(Recorded data)
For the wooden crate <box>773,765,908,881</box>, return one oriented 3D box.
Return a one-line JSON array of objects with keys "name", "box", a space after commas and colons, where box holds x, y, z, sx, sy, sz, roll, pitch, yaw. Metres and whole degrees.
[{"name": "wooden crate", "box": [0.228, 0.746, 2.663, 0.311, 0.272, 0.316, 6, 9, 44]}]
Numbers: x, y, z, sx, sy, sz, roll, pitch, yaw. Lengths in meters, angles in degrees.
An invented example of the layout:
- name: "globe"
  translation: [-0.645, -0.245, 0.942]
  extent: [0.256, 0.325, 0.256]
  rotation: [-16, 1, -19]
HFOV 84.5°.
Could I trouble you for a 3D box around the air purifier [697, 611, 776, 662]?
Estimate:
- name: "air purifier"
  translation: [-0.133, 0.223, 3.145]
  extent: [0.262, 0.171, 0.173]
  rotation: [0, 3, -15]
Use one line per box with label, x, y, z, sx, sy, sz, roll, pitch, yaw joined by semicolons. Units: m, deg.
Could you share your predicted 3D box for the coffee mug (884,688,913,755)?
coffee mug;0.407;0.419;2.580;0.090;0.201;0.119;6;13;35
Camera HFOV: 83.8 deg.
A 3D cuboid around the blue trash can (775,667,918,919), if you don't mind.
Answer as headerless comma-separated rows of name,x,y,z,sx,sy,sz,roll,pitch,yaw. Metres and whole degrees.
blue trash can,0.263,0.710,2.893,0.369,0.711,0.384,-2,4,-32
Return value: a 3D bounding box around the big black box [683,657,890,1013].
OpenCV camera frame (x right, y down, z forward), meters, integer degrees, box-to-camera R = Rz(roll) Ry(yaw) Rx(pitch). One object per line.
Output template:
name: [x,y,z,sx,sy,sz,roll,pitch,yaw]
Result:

Task instructions: Repeat, exactly as they stand, the line that contains "Camera HFOV: 83.8 deg." and all the lines after it in the data above.

Exercise response:
Camera HFOV: 83.8 deg.
A 3D cuboid around the blue trash can (775,667,918,919), if you don't mind.
Answer as headerless comma-separated rows of name,x,y,z,sx,sy,sz,roll,pitch,yaw. Metres and whole degrees.
blue trash can,0.263,0.710,2.893,0.369,0.711,0.384,-2,4,-32
Return value: a 3D bounding box around the big black box [683,657,890,1013].
OpenCV camera frame (x right, y down, z forward), meters, integer degrees, box-to-camera R = Rz(roll) Ry(yaw) Rx(pitch). One object per line.
Output template:
name: [x,y,z,sx,sy,sz,roll,pitch,yaw]
Result:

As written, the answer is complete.